Alicyclobacillus fastidiosus

Scientific classification
- Domain: Bacteria
- Kingdom: Bacillati
- Phylum: Bacillota
- Class: Bacilli
- Order: Bacillales
- Family: Alicyclobacillaceae
- Genus: Alicyclobacillus
- Species: A. fastidiosus
- Binomial name: Alicyclobacillus fastidiosus Goto et al. 2007

= Alicyclobacillus fastidiosus =

- Genus: Alicyclobacillus
- Species: fastidiosus
- Authority: Goto et al. 2007

Species of bacterium

Alicyclobacillus fastidiosus is a species of Gram positive, strictly aerobic, bacterium.
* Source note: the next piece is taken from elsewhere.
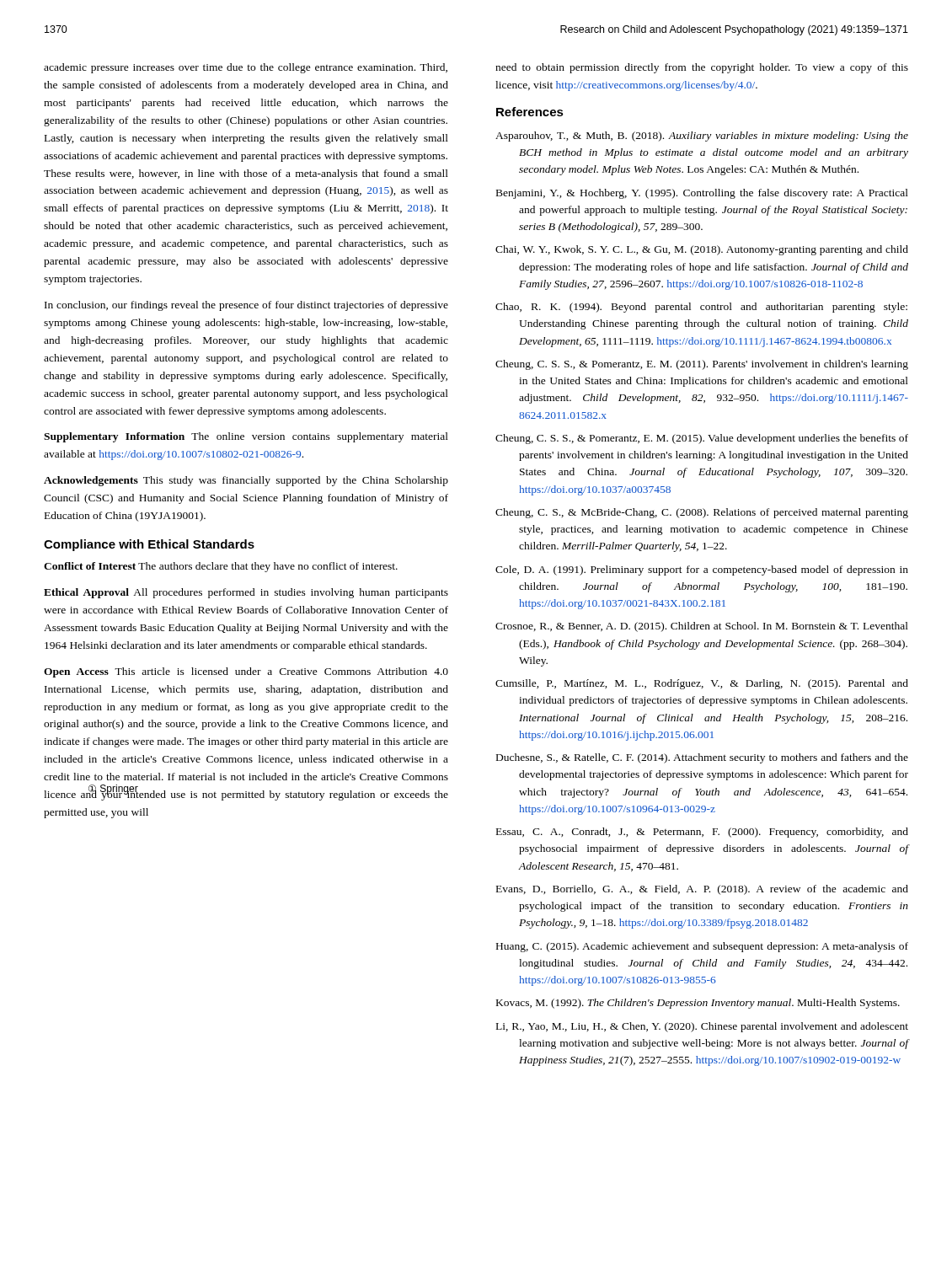Click on the list item that says "Benjamini, Y., & Hochberg, Y. (1995). Controlling"
Viewport: 952px width, 1264px height.
(702, 209)
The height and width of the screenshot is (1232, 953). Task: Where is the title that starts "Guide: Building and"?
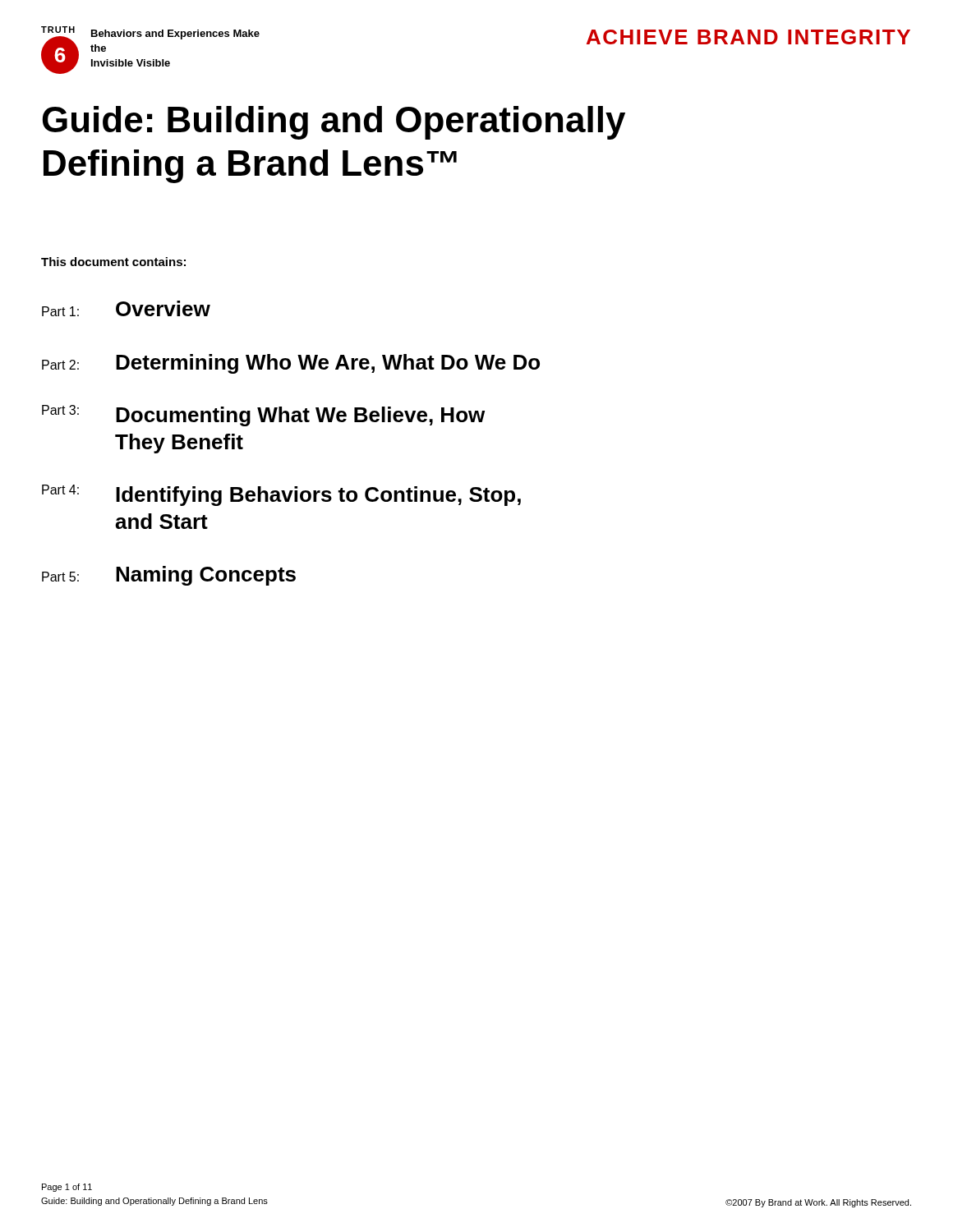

The bacteria are acidophilic and produce endospores. It was first isolated from apple juice. The species was first described in 2007, and the name refers to the fastidious nature of the organism; the bacteria would start to die off after 7 days when plated on typical agar for isolating Alicyclobacillus. Additionally, the species produced fewer spores than other members of its genus, and took much longer to produce the spores (i.e. several days versus 10 days).

The optimum growth temperature for A. fastidiosus is 40–45 °C, and can grow in the 20–55 °C range. The optimum pH is 4.0–4.5, and cannot grow at pH 2.0 or pH 5.5.

A. fastidiosus was found during a Japanese survey of various beverages and environments, which also discovered 5 other species of Alicyclobacillus: A. contaminans, A. kakegawensis, A. macrosporangiidus, A. sacchari, and A. shizuokensis.